= Your instructions =
Show, from the entries below, every line in which "metres" appears.

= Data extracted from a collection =
++++++++
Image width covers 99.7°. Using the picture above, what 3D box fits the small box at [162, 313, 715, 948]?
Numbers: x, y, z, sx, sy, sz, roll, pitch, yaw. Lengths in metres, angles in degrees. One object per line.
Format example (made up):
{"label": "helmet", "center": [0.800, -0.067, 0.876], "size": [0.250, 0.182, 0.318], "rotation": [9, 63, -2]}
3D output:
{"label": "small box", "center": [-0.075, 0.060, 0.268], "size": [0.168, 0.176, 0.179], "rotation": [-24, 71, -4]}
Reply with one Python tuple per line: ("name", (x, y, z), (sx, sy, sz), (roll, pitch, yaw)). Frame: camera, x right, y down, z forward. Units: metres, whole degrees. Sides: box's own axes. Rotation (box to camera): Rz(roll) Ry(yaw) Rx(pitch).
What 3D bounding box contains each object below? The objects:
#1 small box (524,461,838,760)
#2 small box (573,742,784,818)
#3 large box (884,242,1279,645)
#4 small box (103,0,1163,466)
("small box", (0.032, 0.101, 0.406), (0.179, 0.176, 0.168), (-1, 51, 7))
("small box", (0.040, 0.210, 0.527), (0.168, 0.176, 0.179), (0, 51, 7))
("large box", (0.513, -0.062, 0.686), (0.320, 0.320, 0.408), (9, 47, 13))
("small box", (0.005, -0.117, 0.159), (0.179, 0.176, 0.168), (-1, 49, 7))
++++++++
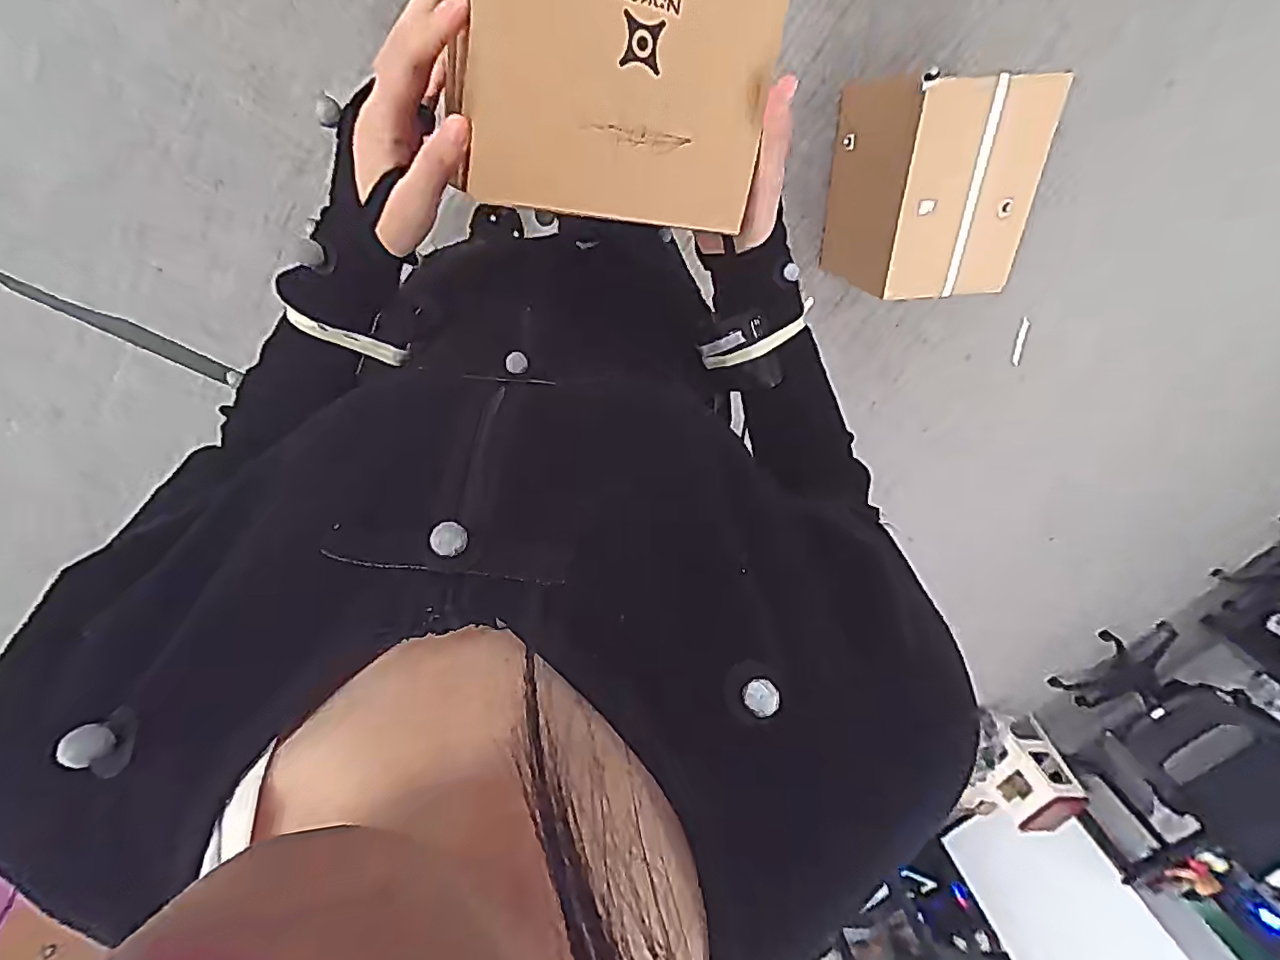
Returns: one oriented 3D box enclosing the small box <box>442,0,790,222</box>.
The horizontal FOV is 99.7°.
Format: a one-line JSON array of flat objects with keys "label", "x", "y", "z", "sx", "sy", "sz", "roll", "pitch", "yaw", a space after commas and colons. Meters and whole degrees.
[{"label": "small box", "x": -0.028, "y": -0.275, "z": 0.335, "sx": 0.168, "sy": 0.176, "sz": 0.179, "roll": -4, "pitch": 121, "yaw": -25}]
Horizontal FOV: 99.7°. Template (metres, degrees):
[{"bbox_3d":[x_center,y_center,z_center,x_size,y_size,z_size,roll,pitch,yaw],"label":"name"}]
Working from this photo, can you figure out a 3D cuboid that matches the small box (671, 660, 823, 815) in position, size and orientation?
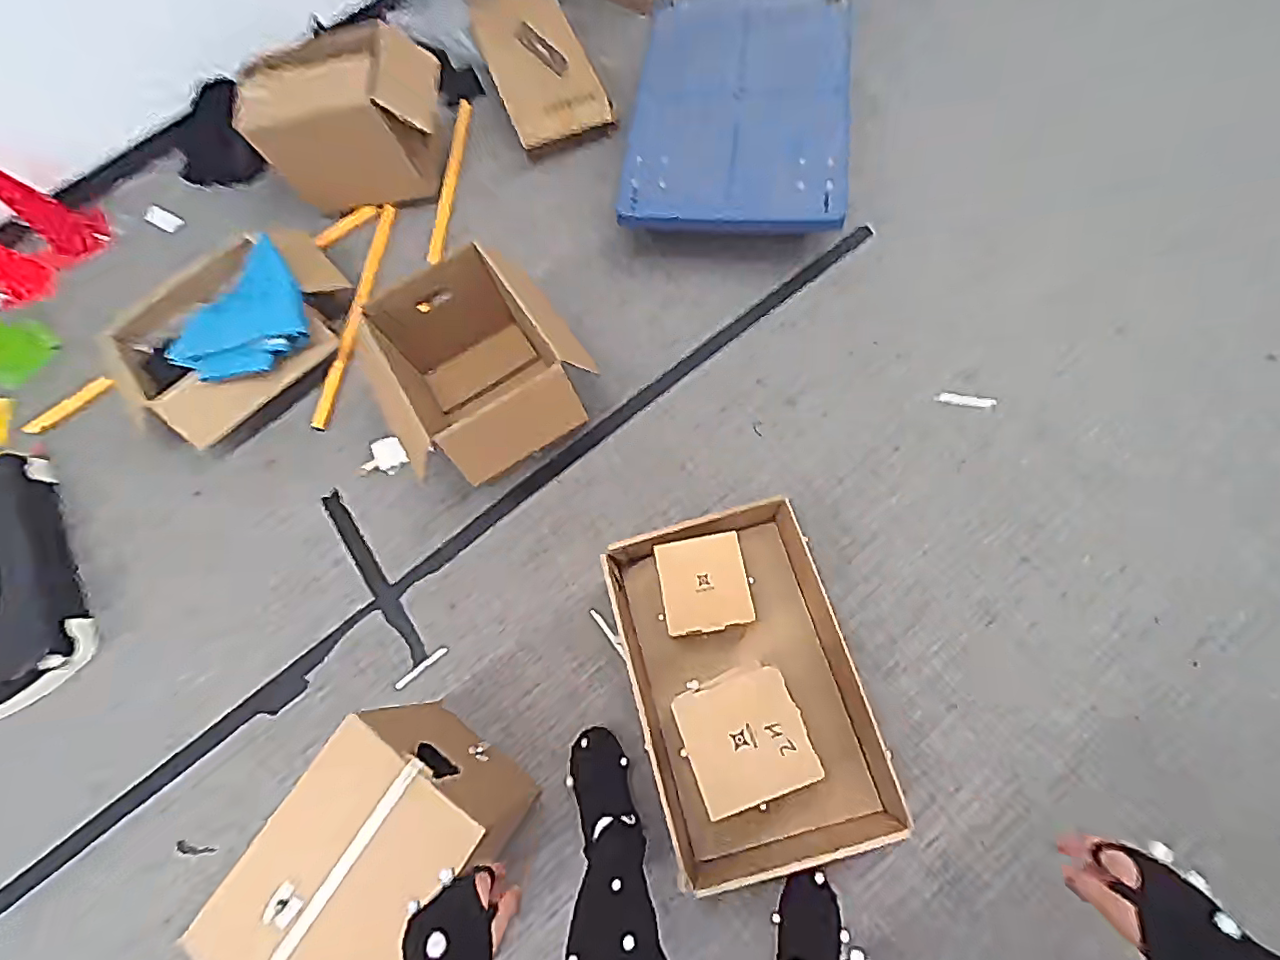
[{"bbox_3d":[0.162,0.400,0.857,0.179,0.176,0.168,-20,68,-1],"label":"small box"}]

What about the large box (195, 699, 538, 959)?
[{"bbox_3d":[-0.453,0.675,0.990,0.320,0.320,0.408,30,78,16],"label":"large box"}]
++++++++
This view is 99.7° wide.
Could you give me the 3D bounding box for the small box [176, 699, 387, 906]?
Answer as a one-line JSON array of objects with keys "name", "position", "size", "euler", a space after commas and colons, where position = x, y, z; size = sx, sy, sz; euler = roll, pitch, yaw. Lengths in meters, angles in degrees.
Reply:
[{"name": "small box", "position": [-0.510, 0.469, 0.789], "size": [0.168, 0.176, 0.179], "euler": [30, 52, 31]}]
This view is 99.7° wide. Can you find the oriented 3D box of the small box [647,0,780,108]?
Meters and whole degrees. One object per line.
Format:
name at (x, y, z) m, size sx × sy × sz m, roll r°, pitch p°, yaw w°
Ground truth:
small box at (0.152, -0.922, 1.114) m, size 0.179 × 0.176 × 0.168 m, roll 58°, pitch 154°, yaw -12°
++++++++
= Output below =
Numbers: x, y, z, sx, sy, sz, roll, pitch, yaw. Lengths in metres, angles in degrees. One object per line.
Reply with one Python tuple per line: ("name", (x, y, z), (sx, sy, sz), (roll, pitch, yaw)). Frame: camera, x right, y down, z forward. Units: metres, whole degrees. Sides: box's own axes. Rotation (box to camera): Rz(roll) Ry(yaw) Rx(pitch).
Horizontal FOV: 99.7°. Template (metres, degrees):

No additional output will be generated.